Everyone thinks that at four o’clock, when the café and breakfast joint closes, she rushes home to her partner, and baby-making begins in earnest until the next dawn. They’d be shocked to see her waitressing at a joint two towns away until eleven. By the time she crashes into bed at midnight, she’d go crazy if Lucas tried anything. In fact, if he did, she’d strangle him with his own… though Lucas senses his girlfriend has been filled with a strange, explosive rage lately. According to Franciska, of course, that’s also due to fatigue. Because Franciska is an idiot, and she thinks everything stems from exhaustion. It’s incomprehensible to her friend that someone might actually want to make an effort to achieve their goals. Just like the idea that life sometimes requires sacrifices. And compromises.

Oh, the look on that nobody Pali’s face when he saw the car! That was priceless! The way that jerk’s eyes skimmed over the leather seats, the door lighting, and the automatic transmission in astonishment.

“Is this new?” he asked hoarsely.

What an intoxicating feeling it was to throw the answer in his face.

“Of course.”

“Where are you living now?”

“In Austria.”

“Not bad at all!”

“That’s how we live over there,” she could barely hold back her laughter.

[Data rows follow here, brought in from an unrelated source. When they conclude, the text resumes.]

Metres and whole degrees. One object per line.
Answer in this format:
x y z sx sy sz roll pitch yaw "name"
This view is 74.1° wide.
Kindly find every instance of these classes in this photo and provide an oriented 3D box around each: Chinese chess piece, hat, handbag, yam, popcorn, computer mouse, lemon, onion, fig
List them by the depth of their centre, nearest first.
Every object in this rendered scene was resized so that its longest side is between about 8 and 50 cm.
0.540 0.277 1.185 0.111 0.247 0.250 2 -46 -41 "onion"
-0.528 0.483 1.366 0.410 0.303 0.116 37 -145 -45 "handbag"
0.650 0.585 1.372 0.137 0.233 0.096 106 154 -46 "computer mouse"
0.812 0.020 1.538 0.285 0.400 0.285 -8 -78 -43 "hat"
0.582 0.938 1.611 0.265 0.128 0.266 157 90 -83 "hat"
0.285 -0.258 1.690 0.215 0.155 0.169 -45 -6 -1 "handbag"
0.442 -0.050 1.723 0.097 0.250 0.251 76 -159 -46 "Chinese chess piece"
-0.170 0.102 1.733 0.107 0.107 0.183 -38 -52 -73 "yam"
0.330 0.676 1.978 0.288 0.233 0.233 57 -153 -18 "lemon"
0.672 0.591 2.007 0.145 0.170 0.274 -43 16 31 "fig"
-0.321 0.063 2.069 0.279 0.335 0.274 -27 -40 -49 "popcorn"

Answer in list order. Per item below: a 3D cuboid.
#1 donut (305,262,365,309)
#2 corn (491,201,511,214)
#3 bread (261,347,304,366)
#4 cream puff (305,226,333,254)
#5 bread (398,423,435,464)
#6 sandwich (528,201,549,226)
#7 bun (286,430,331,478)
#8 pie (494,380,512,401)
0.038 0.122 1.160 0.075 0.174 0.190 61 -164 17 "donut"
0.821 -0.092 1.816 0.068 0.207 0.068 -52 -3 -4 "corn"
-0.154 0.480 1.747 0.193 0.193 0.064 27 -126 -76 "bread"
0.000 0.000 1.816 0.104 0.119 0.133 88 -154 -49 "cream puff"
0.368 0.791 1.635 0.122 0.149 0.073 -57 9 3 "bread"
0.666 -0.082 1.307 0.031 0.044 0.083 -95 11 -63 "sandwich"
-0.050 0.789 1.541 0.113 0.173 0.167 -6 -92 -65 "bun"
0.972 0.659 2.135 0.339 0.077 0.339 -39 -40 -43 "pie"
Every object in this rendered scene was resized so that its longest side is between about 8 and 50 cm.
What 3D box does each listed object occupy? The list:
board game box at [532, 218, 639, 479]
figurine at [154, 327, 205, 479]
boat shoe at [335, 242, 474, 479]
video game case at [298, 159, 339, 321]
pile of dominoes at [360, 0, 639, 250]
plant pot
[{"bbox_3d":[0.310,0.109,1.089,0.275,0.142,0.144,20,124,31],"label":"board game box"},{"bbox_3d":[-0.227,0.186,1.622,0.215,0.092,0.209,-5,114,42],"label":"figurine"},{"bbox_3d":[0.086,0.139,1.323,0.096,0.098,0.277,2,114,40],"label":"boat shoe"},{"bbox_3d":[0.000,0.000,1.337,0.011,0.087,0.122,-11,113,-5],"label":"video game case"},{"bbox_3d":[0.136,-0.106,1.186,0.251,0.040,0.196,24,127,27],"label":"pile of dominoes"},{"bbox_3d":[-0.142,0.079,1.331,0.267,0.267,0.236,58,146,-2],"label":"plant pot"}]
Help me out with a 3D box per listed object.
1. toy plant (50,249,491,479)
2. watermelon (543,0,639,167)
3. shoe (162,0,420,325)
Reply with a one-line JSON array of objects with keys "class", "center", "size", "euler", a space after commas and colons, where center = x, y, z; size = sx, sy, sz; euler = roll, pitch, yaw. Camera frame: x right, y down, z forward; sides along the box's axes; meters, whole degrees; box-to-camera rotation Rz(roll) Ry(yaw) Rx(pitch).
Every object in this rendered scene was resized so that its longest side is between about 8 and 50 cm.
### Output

Oh, how she would’ve loved to sneer in his face: So, what’s up, Pali? Jealous much? With your lousy professor’s salary, you’ll never have one of these in a million years! You can wipe your ass with that degree of yours! Remember looking down on me because I had zero desire to finish university? Well, take a good look now!

Only, if it weren’t for this constant tearing up. Franciska says it’s normal to start getting all sorts of ailments after forty-five. Eh, that Franciska, she really thinks she’s so smart! If she knows it all so well, why is she driving a fifteen-year-old car? Yeah, well, when you travel around the world four times a year, don’t be surprised. Especially if you won’t even drag yourself out of bed before eight in the morning.